Aber ich bin überzeugt, dass wir uns jetzt mehr um den Aufbau der
Partei, um die Mitglieder kümmern müssen. Wir werden uns mehr bemühen,
eine vernünftige Diskussionskultur hinzukriegen und eine Linie zu
entwickeln, die die Partei möglichst in ihrer großen Mehrheit
akzeptiert. Das wird ein Schwerpunkt unserer Arbeit sein, weil die
kulturellen Unterschiede zwischen den neuen und alten Ländern doch noch
groß sind – größer, als ich vor zweieinhalb Jahren dachte. Dies
zusammenzuführen, wird unsere Aufgabe sein.

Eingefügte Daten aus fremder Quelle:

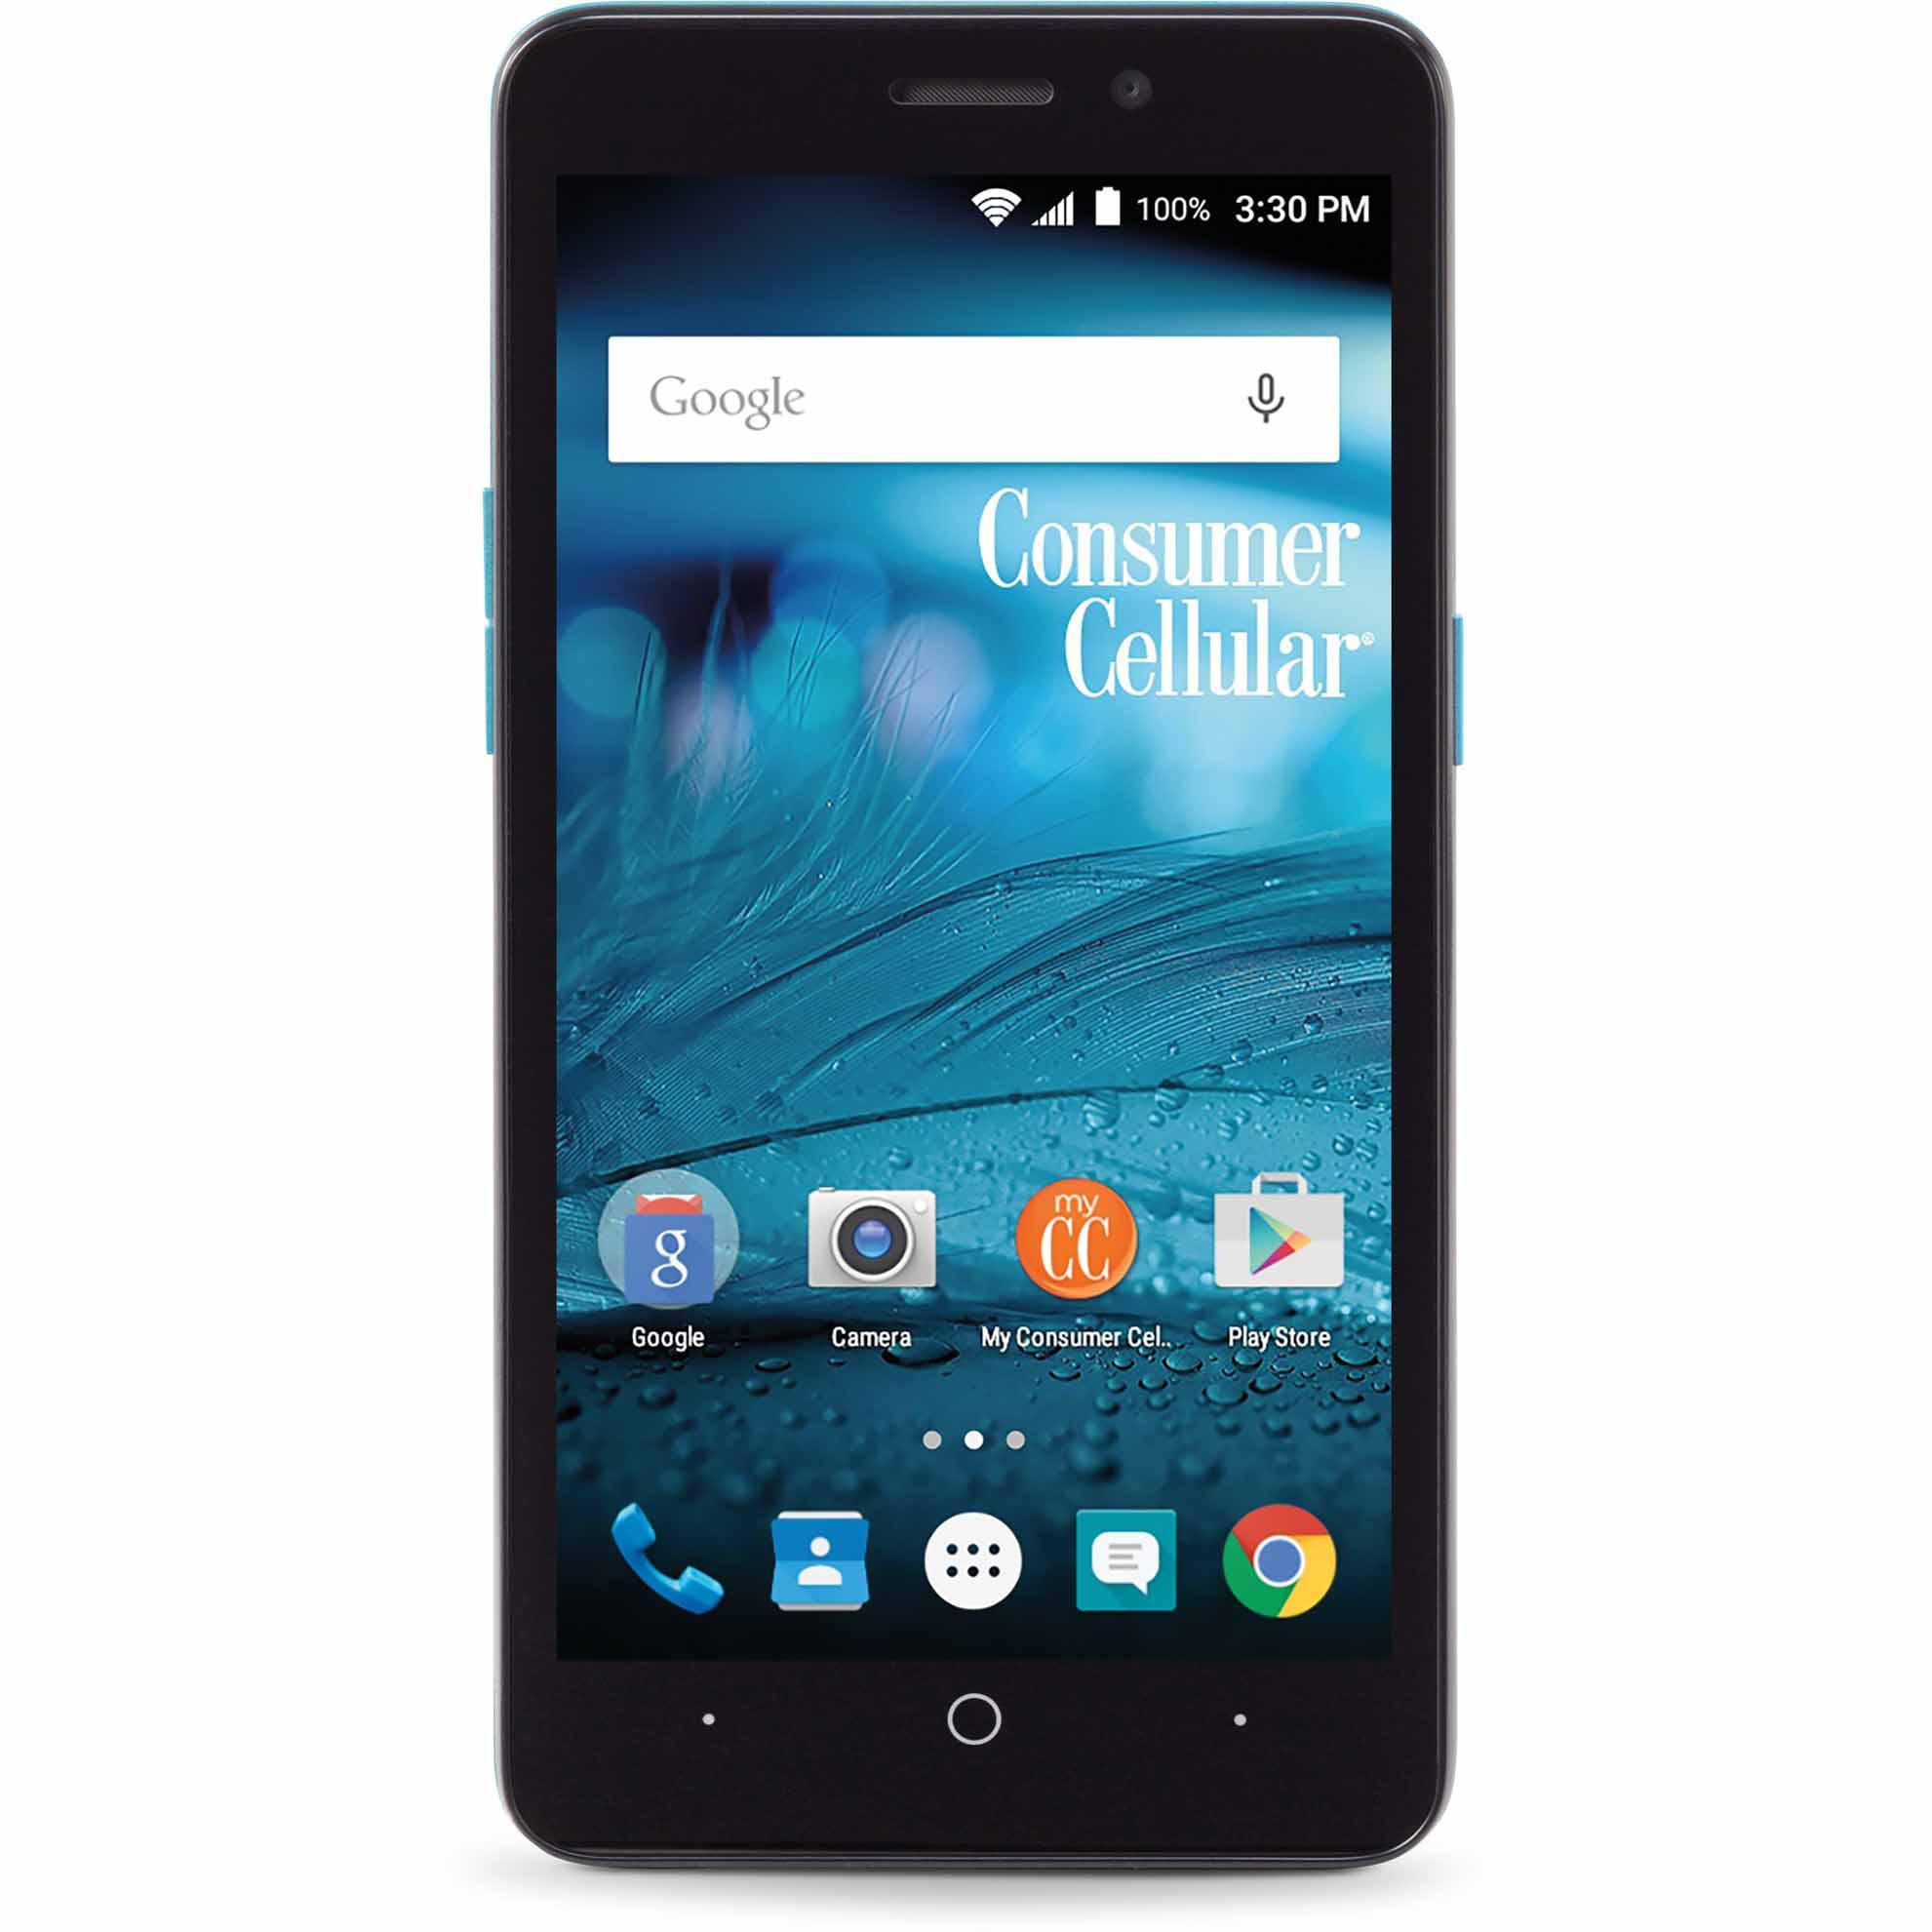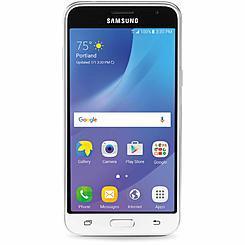The first image is the image on the left, the second image is the image on the right. Examine the images to the left and right. Is the description "The cellphone in each image shows the Google search bar on it's home page." accurate? Answer yes or no. Yes. 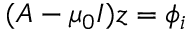<formula> <loc_0><loc_0><loc_500><loc_500>( A - \mu _ { 0 } I ) z = \phi _ { i }</formula> 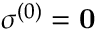<formula> <loc_0><loc_0><loc_500><loc_500>\sigma ^ { ( 0 ) } = 0</formula> 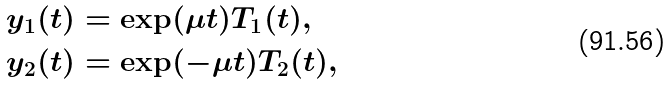<formula> <loc_0><loc_0><loc_500><loc_500>y _ { 1 } ( t ) & = \exp ( \mu t ) T _ { 1 } ( t ) , \\ y _ { 2 } ( t ) & = \exp ( - \mu t ) T _ { 2 } ( t ) ,</formula> 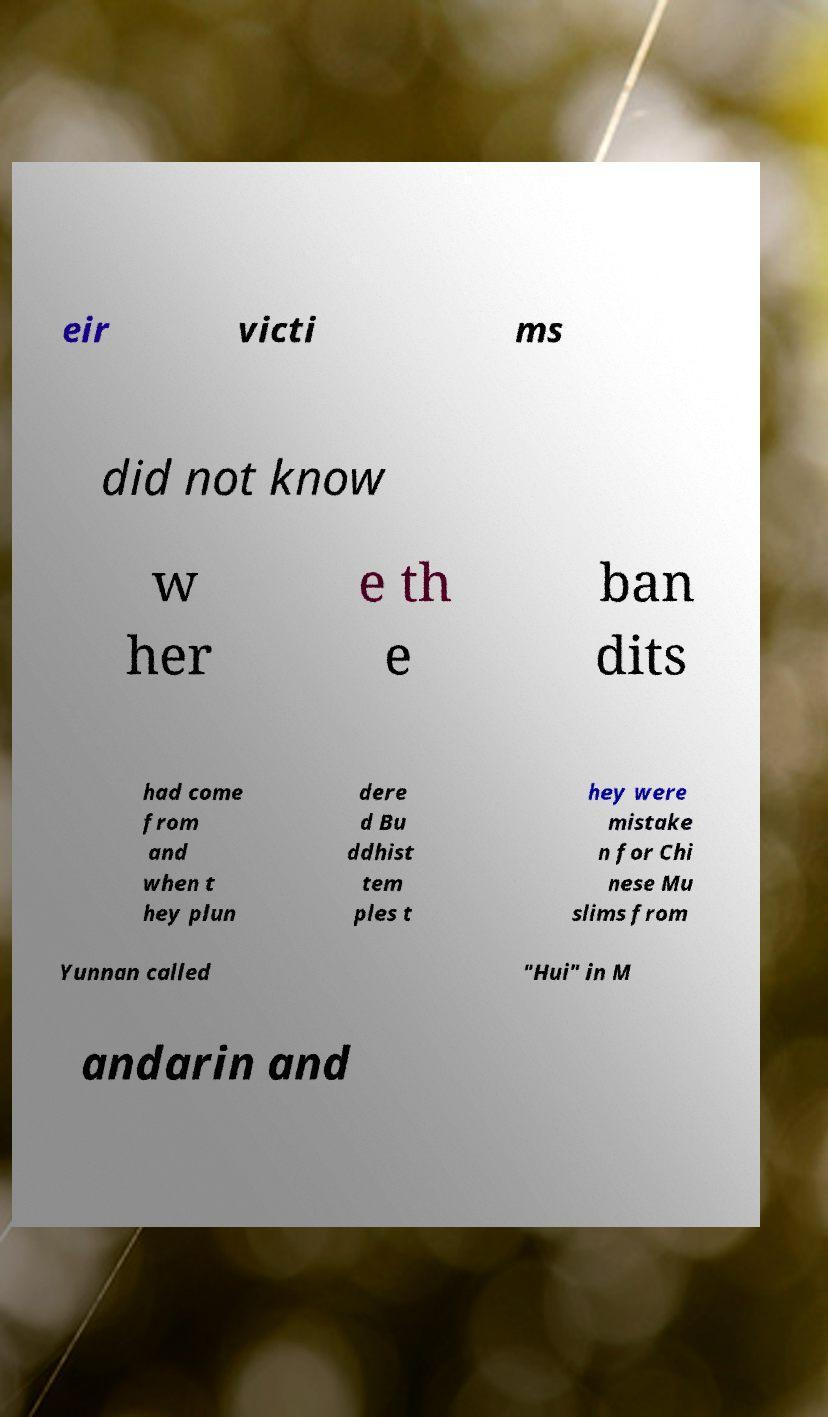What messages or text are displayed in this image? I need them in a readable, typed format. eir victi ms did not know w her e th e ban dits had come from and when t hey plun dere d Bu ddhist tem ples t hey were mistake n for Chi nese Mu slims from Yunnan called "Hui" in M andarin and 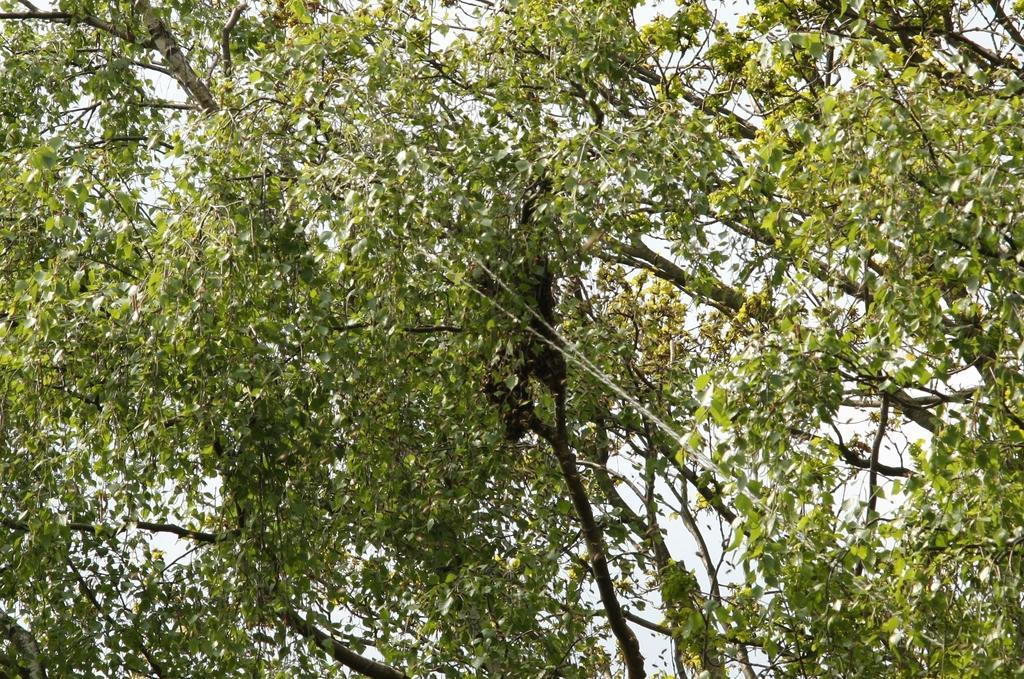Describe this image in one or two sentences. There is a tree which has green leaves on it. 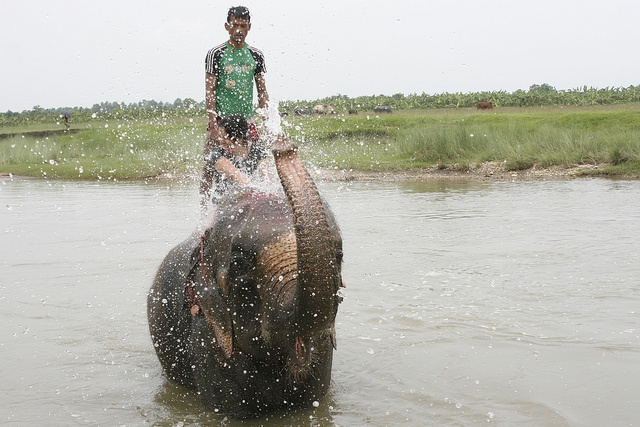Describe the objects in this image and their specific colors. I can see elephant in white, black, gray, and darkgray tones, people in white, gray, darkgray, lightgray, and teal tones, people in white, lightgray, darkgray, gray, and black tones, and people in white, gray, and black tones in this image. 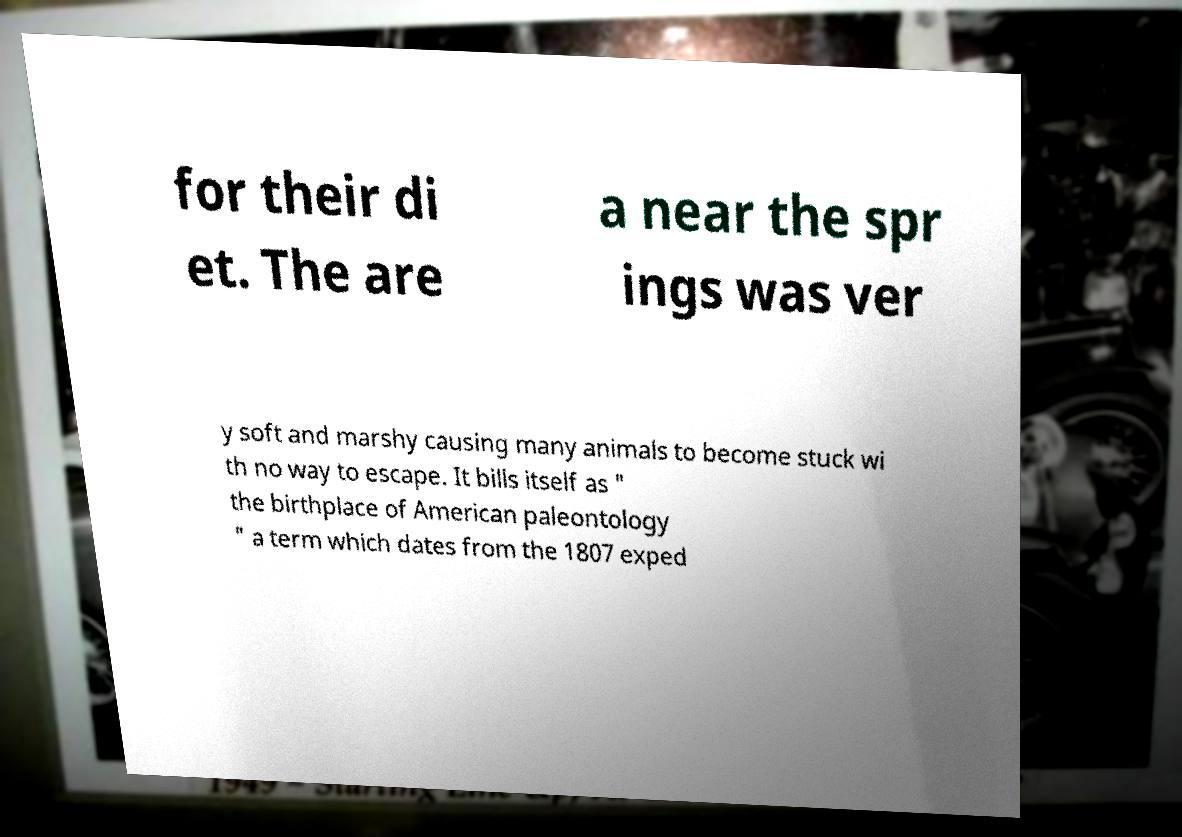There's text embedded in this image that I need extracted. Can you transcribe it verbatim? for their di et. The are a near the spr ings was ver y soft and marshy causing many animals to become stuck wi th no way to escape. It bills itself as " the birthplace of American paleontology " a term which dates from the 1807 exped

Gelegenheit dafür gibt die Programmdebatte. Viele halten den Entwurf
für verbesserungsfähig.Ernst: Aus meiner Sicht ist das ein guter Entwurf und es hat mich
gewundert, wie schnell schon die ersten kritischen Einwände kamen. Ich
halte den Entwurf für eine gute Diskussionsgrundlage. Jetzt müssen wir
organisieren, dass möglichst viele Leute über die zentralen inhaltlichen
Fragen wie Mitbestimmung, Ausweitung der Arbeitnehmerrechte durch
Eigentum am Unternehmen, die Frage der Banken usw. diskutieren. Mir ist
dabei wichtig, dass man die Debatte nicht nur mit den eigenen Genossen,
sondern mit anderen führt, mit denen man schließlich gemeinsam Politik
machen will.
Sähen Sie Ihre Aufgabe als Vorsitzende mehr in die Partei hinein als
nach außen gerichtet, weil die Außenwirkung ohnehin mehr durch die
Bundestagsfraktion bestimmt wird?Lötzsch: Die Hauptaufgabe ist natürlich auch für
Parteivorsitzende das Wirken in der Gesellschaft, für unsere Ziele zu
werben. Was die Partei selbst betrifft, werden wir durch die geplante
große Teambildung eine starke Aufgabenverteilung haben. Sowohl die
beiden Geschäftsführer als auch die extra dafür dann einzusetzenden
Parteibildungsbeauftragten müssen sich intensiv um den Parteiaufbau und
um die Kampagnenfähigkeit kümmern. Aber in der Tat können sich einige
Veränderungen gegenüber unseren Vorgängern ergeben, weil sehr viele
Genossen zu Oskar und Lothar aufgeblickt haben und sich häufig gar nicht
trauten, sie anzusprechen. Das kann man auch als Vorteil nutzen.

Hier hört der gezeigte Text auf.